Weitere Dokumente bezüglich des Verlaufes und Ausgangs des Strafverfahrens wie auch eine evtl. Haftzeit gegen Christiaan Kruize im Wehrmachtsgefängnis Utrecht sind bisher nicht bekannt.
Die Spur zu Christiaan Kruize verliert sich zunächst bis kurz nach Kriegsende im Mai 1945.
Christiaan Kruize verstarb am 4. August 1945 in Varel. Die Sterbeurkunde wurde vom Standesamt der Stadt Varel unter der Nr. 219/1945 ausgefertigt.
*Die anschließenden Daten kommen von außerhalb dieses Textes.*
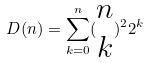Convert formula to latex. <formula><loc_0><loc_0><loc_500><loc_500>D ( n ) = \sum _ { k = 0 } ^ { n } ( \begin{matrix} n \\ k \end{matrix} ) ^ { 2 } 2 ^ { k }</formula> 
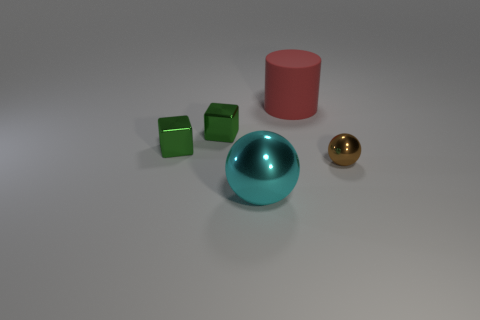There is a thing that is both to the right of the large metal thing and in front of the red thing; what is its shape? sphere

Unter Todesursache sind in seinem Totenschein folgende Informationen enthalten: Grundleiden: Kniegelenks-Tbc links.
Begleitkrankheiten: Schenkelhalsbruch links bei oberem Schenkelstumpf.
Nachfolgende Krankheiten: Kniegelenksempyem und Sepsis (Mischinfektion), Hüftgelenkempyem.
Todesursache: Hüftgelenkempyem und Sepsis.
Christiaan Kruize wurde am 9. August 1945 auf dem evangelisch-lutherischen Friedhof in Varel, Oldenburger Straße, zunächst in der Grablage Feld F, Nr. 515, bestattet.
Nach Einweihung des "Ehrenfriedhofs" in Varel 1949 erfolgte die Umbettung in die dortige Reihe 10, Nr. 7, wo sich noch heute der Grabstein befindet.
Wegen des SS-Hintergrundes wurde Christiaan Kruize in den 1950er Jahren nicht von den Niederländern exhumiert und auf einen der in Deutschland liegenden niederländischen Ehrenfriedhöfe (z.B. Bremen) oder in die Heimat umgebettet.
Das Grab steht seit den 1950er Jahren unter dem Schutz des deutschen Gräbergesetzes („Gesetz zum Schutz der Gräber der Opfer von Krieg und Gewaltherrschaft“), ist in der amtlichen Gräberliste der Stadt Varel aufgeführt und muss durch die Stadt Varel dauerhaft gepflegt und erhalten werden.